Теперь палестинские евреи рассчитывали на иное отношение со стороны советских властей: во время Второй мировой войны, говорилось в записке, «лидеры арабских стран открыто или тайно занимают пронацистские или профашистские позиции».
В сентябре сорок третьего года Вейцман еще раз беседовал с послом Майским.
За четыре месяца до этого, двадцать восьмого мая, появился Указ Президиума Верховного Совета о введении дипломатических рангов для работников наркомата иностранных дел, посольств и миссий за границей. Постановлением Совнаркома вводилась форменная одежда со знаками различия – вышитых золотом звезд на погонах.
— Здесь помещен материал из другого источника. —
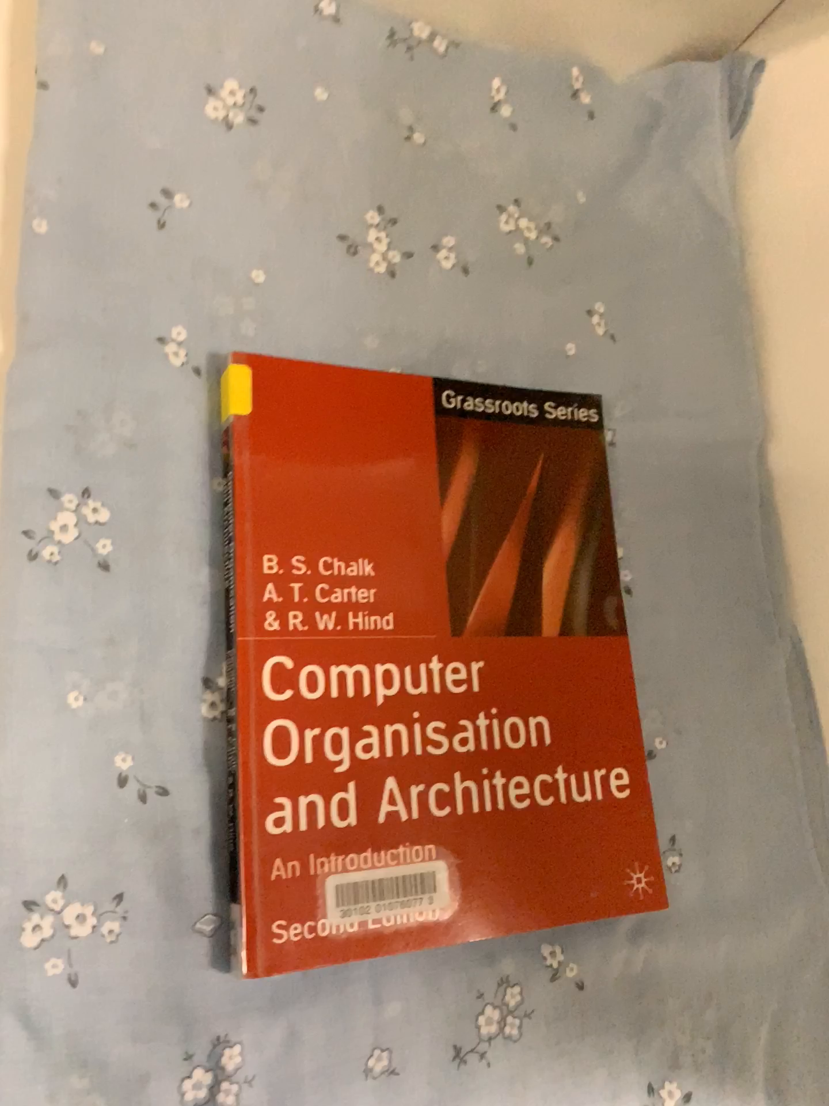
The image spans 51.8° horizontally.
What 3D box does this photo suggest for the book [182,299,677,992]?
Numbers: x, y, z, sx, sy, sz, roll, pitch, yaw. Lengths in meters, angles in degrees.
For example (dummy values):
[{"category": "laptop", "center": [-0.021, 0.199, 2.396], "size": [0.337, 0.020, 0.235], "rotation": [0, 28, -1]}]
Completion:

Майский стал чрезвычайным и полномочным послом – ему полагался мундир с погонами без просвета (генеральскими!) с тремя вышитыми звездочками и металлической позолоченной эмблемой – двумя скрещенными пальмовыми ветками.
Посол Майский сказал Вейцману, что «он не может давать обязательства за свое правительство», но он считает, что Москва поддержит сторонников создания еврейского государства в Палестине.
Майского смутили малые размеры Палестины – разве там можно будет разместить всех беженцев из Европы?
Вейцман развеял опасения Майского на этот счет. Объяснил, что, по самым скромным расчетам, в Палестину можно будет перевезти еще около двух миллионов евреев.
Майский ответил, что он очень рад это слышать. Но ему недолго оставалось занимать пост посла.
Сталин, раздраженный очередной отсрочкой в открытии второго фронта, решил демонстративно понизить уровень представительств: из Соединенных Штатов отозвал Литвинова, из Англии – Майского, а заменил их молодыми и не имевшими политического веса дипломатами. В Вашингтоне послом стал Андрей Андреевич Громыко, в Лондоне – Федор Тарасович Гусев. Это было маленькой местью Сталина Рузвельту и Черчиллю.
Федора Гусева перед отъездом принял Сталин. Новому (и неопытному) послу в Англии было всего тридцать семь лет. Гусев честно сказал, что молод для такого поста.
Сталин развеял его сомнения:
– У нас нет других людей. Многие сейчас на фронте. Нам же нужно отозвать посла Майского, который слишком оправдывает действия англичан, саботирующих открытие второго фронта в Европе.
Уинстон Черчилль был раздражен неравноценной заменой и долго не принимал нового посла. Когда британский премьер-министр прилетел в Москву в октябре сорок четвертого года, Сталин нашел способ повысить акции посла – за обедом провозгласил тост:
– За моего личного друга, товарища Гусева!
Сталинский жест изменил отношение англичан к Гусеву.
Иван Майский, направляясь на родину после окончания его миссии в Лондоне, осенью сорок третьего года побывал в Палестине. Он проехал на машине по маршруту Каир-Иерусалим-Дамаск-Багдад-Тегеран.
В Иерусалиме Иван Михайлович сделал остановку. Он хотел осмотреть город и познакомиться с жизнью еврейских поселенцев.
– После войны, – сказал Майский Бен-Гуриону, – еврейская проблема будет очень сложной. Придется ее решать. Мы должны выработать подходы, должны знать все. Нам говорят, что здесь, в Палестине, нет свободного места для новых иммигрантов, – мы хотим знать, правда ли это, хотим составить себе представление о возможностях этой страны.
Четвертого октября на заседании правления Еврейского агентства Бен-Гурион рассказал, как он показал Майскому и его жене Иерусалим, а потом отвез в сельскохозяйственные поселения Кирьят-Анавим и Маале-Хаха-миша. Майский был поражен увиденным.
– Можно сказать, что увиденное было для него открытием, – подвел итог Бен-Гурион. – Я на такое даже не рассчитывал. Сейчас нам надо работать с максимальной отдачей, поскольку появилось еще одно государство, проявившее заинтересованность в этом вопросе.